Rozejrzałam się po pokoju chłopaka . Nie powiem nie było tu za czysto . A ja jakoś nie lubiałam nie porządku . Dochodziła już piąta wieczorem wiec mamy jeszcze dużo czasu. Wstałam i zaczęłam zbierać jego czarne i białe t-shirty . Odłożyłam je na jedna kupkę . Zaczęłam wcielić jego łóżko , układać poduszki kordy poczułam jego wzrok. Mimo to dalej kontynuowałam udając , że nie widzę z jakim skupieniem się we mnie wpatruje . Nie powiem było to dość krępujące . Ułożyłam jeszcze kilka rzeczy na swoje miejsce po czym usiadłam na łożku . O wiele lepiej .

- Dziękuje .- odparł chłopak z uśmieszkiem.- choć wcale mi to nie przeszkadzało .

Spojrzałam na niego z dezaprobatą . Podeszłam do niego i usiadłam mu na kolanach.

- Kocham cie . - nastawił swój policzek abym go pocałowała ale kiedy zbliżałam Do niego swoje usta obrócił głowę i wpił się w moje . Przegryzł mi wargę .

- Też cie kocham Sky- wymruczał mi do ust.
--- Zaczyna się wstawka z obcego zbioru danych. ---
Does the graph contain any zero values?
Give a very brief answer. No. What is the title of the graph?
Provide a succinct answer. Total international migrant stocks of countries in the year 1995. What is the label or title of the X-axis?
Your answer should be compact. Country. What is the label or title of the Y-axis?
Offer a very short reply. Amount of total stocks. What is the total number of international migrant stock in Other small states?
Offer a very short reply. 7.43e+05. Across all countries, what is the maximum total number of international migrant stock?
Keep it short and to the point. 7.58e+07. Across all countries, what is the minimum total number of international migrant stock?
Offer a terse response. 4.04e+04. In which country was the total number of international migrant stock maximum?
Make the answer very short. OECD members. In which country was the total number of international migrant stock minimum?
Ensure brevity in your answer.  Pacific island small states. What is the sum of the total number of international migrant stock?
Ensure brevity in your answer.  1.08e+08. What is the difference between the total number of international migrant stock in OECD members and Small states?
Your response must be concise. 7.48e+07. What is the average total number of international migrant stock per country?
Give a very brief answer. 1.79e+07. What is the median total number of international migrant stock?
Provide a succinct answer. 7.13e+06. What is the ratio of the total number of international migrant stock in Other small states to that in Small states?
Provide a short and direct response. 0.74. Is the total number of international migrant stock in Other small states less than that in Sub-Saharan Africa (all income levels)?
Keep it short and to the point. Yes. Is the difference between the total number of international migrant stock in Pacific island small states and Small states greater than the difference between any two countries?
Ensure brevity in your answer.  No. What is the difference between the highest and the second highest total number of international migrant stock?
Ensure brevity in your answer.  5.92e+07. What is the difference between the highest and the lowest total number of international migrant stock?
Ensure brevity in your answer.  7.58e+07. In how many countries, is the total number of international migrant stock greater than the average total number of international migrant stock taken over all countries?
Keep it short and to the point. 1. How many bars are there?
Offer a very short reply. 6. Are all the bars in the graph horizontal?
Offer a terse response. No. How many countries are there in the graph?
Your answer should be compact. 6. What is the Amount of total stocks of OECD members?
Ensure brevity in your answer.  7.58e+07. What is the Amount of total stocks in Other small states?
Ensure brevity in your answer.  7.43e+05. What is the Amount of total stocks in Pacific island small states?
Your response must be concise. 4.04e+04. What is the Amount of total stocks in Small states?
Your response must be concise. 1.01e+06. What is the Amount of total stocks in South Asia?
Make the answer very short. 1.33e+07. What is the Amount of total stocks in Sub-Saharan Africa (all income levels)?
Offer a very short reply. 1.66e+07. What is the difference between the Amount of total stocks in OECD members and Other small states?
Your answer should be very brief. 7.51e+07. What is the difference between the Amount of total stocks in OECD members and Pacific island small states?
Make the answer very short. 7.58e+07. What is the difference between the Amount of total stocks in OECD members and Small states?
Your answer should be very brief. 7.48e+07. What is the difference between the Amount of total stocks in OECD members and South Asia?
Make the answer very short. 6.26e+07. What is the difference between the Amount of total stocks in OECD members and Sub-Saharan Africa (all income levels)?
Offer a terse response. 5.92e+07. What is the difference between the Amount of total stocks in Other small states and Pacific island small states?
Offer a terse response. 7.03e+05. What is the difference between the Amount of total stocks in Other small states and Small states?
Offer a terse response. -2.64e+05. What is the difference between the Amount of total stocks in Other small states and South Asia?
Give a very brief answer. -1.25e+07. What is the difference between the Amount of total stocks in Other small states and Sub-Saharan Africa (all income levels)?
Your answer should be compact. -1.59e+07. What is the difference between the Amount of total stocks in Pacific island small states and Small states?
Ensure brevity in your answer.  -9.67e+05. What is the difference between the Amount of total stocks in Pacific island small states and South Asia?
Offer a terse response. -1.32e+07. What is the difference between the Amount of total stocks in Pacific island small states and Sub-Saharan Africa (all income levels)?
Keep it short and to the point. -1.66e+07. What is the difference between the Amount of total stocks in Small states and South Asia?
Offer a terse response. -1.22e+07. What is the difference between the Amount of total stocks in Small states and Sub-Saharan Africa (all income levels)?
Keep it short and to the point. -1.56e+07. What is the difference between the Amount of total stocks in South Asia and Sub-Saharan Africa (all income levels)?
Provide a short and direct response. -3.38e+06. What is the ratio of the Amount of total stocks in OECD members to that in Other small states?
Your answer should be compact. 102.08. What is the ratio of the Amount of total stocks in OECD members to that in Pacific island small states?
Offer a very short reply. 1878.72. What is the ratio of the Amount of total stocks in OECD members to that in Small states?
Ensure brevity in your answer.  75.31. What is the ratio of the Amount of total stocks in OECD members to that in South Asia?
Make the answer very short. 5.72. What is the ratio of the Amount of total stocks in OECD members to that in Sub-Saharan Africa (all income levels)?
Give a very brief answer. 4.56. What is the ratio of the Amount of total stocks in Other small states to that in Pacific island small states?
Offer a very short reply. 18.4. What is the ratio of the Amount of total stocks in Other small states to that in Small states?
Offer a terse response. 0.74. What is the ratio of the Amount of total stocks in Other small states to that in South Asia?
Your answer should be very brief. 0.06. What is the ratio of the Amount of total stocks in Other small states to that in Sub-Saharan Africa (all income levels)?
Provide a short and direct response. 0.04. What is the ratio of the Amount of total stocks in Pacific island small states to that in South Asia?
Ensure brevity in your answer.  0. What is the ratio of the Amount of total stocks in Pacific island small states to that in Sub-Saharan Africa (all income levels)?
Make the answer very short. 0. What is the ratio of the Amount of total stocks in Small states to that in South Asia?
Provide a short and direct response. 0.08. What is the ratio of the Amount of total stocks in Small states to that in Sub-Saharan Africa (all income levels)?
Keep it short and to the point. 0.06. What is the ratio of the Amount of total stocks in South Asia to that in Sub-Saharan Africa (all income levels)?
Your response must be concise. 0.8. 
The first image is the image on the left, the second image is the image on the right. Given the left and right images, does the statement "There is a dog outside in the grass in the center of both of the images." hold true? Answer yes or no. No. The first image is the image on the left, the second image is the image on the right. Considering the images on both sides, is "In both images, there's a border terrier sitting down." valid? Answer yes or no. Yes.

Jeszcze chwile się droczyliśmy ze sobą po czym wstałam i poszłam na łóżko z zamiarem odrobienia lekcji . Tak jest piątek ale jutro przychodzi Harry a w niedziele kompletnie mi się nie Brdzie chciało . Sięgnęłam po książki wtedy Harry usiadł obok mnie nie odzywając się z kamienną miną.
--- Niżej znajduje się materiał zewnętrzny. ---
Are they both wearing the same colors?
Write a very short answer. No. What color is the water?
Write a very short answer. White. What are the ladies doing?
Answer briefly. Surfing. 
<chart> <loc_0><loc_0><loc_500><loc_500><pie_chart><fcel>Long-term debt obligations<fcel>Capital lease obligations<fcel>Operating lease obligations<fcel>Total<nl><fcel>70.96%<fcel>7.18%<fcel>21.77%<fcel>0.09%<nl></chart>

Wzięłam się za matme, z której nigdy nie byłam najlepsza . Zaczęłam rozwiązać równania ale nic mi nie wychodziło . Przecież muszę to jakoś zrobić .

Harry

Siedział i za wszelką cenę próbowała rozwiązać zadanie . Przegrywała przy tym seksownie długopis po czym kreśliła działania , które udało jej się wykonać . Była naprawdę seksowna kiedy tak się denerwowała . Znów wzięła długopis do ust . Lekko poruszyłem się na miejscu na co na mnie spojrzała .

- Tak w ogóle gdzie są chłopaki?- spytała się mnie widocznie już wkurzona zadaniem .
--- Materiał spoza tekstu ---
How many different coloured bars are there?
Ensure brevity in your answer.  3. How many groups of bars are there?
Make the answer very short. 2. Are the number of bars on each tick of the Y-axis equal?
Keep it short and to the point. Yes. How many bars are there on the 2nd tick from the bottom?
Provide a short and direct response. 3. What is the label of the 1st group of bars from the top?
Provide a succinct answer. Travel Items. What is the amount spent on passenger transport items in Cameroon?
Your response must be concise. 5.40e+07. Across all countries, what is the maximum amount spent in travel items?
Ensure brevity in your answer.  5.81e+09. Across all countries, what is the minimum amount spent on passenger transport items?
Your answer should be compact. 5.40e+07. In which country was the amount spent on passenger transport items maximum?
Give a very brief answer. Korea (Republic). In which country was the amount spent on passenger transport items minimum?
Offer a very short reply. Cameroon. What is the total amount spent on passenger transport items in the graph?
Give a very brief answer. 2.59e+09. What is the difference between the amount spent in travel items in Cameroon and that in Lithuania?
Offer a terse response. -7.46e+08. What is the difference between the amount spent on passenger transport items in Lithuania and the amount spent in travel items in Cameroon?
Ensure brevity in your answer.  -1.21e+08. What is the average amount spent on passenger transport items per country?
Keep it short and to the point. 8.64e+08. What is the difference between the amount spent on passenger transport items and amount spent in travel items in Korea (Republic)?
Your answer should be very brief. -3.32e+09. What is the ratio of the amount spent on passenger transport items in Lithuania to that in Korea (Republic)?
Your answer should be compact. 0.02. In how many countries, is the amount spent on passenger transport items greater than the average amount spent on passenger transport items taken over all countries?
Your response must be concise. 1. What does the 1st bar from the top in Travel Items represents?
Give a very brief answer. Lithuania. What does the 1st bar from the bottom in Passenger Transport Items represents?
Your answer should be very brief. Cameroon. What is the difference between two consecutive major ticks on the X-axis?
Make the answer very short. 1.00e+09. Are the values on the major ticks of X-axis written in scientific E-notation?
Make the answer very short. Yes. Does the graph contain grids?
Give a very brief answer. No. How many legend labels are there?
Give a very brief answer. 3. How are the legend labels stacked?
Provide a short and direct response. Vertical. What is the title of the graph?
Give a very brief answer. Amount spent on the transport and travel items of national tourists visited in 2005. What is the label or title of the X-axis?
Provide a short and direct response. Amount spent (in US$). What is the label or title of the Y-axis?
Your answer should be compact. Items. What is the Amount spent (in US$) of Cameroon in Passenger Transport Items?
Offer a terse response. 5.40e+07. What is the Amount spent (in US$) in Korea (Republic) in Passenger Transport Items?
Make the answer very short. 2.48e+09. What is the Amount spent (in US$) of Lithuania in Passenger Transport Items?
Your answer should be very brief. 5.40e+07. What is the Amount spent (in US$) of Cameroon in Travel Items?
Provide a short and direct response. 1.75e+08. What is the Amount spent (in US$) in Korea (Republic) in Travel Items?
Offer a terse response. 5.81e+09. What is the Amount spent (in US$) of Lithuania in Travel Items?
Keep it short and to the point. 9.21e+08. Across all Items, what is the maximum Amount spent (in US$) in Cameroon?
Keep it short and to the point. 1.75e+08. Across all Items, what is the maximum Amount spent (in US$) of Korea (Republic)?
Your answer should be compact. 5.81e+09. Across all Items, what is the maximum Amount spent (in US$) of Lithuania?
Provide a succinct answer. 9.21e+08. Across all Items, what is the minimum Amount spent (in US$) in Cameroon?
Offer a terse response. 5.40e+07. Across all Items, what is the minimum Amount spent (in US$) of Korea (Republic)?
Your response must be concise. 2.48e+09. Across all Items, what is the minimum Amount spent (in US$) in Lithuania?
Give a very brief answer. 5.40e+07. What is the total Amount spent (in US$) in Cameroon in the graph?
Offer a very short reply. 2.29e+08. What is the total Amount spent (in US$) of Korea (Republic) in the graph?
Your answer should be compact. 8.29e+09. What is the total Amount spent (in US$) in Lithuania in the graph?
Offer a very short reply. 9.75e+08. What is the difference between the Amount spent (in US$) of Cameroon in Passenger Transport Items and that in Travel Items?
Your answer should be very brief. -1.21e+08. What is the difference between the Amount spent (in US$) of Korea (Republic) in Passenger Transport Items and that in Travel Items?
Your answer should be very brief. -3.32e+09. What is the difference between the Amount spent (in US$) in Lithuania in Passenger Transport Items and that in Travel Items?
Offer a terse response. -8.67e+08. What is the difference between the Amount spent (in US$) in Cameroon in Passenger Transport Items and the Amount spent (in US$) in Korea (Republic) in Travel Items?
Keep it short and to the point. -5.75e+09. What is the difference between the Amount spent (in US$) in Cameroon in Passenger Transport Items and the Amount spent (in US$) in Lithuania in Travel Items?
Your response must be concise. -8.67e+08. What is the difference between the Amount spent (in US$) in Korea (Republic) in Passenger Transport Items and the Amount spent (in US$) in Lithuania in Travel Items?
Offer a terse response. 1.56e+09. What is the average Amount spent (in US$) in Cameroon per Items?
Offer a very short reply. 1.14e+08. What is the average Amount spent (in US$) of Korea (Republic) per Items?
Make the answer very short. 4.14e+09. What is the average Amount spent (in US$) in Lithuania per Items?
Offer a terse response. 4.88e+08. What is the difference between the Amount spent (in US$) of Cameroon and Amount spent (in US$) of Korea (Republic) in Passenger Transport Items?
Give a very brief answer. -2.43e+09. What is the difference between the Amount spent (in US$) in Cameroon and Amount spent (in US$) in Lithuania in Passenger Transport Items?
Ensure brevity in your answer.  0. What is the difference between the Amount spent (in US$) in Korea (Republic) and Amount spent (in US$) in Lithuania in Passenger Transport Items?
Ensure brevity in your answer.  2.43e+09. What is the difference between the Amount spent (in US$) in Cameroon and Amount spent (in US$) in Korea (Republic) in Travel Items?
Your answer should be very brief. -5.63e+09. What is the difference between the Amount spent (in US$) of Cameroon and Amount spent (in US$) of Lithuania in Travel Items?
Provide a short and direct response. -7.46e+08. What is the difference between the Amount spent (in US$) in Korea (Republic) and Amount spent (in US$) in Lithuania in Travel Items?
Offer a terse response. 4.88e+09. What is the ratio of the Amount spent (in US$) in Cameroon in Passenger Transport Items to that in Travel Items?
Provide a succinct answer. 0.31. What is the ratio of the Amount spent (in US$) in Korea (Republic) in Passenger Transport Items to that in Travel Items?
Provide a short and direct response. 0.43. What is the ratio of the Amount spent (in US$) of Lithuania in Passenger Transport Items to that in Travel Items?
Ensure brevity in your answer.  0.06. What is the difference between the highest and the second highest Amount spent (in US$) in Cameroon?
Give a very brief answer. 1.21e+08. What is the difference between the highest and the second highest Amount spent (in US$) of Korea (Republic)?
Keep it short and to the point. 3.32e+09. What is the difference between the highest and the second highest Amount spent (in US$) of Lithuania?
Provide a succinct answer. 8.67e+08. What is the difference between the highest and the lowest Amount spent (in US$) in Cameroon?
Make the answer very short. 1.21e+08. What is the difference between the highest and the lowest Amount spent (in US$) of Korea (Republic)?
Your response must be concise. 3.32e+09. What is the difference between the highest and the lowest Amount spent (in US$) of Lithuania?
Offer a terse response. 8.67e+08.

- Powinni być na dole zaraz możemy do nich iść . - spojrzałem w jej śliczne niebieskie oczy . Były tak bardzo niewinne a zarazem drapieżne . Nie powiem czasami Sky ma prawdę mnie zadziwiała swym zachowaniem .

Wstaliśmy i ruszyliśmy na dół . Modliłem się aby nie było ani Luck'a ani Zayn'a . Co do Zayn'a ostatnio myślałem , że go rozszarpuje za to S pouchwalanie się za to Luck'a omijałem szerokim łukiem . Parszywy sukinsyn. Przeszedł mnie dreszcz na myśl gdyby mu się udało .

Zeszliśmy za rękę . Na szczęście na dole siedział tylko Louis i Liam , ciekawe gdzie ta papla Niall. Usiedliśmy obok chłopaków . Byli szczęśliwi na nasz widok. Polubili Sky za co byłem im wdzięczny a w szczególności Liam'owi to on się nią zaopiekował po moim wcześniejszym odpalę . Przez jakiś czas nie odzywał się do mnie ale mu przeszło. Jest na serio spoko kumplem .

Resztę wieczoru spędziliśmy na żartach. Mimo , że sam chciałem poznać jej rodzine stresowałem się . Choć głównym powodem czemu to zaproponowałem była chęć spotkania jej ojca . Nie myśle teraz racjonalnie ale nie popuszczę mu tego. Skurwiel będzie cierpieć tak jak biedna mała Sky . Na tą myśl moje mięśnie się spieły Sky zobaczyła to ale nic nie powiedział . Jestem jej za to wdzięczny . Tylko przytuliła się do mnie mocniej.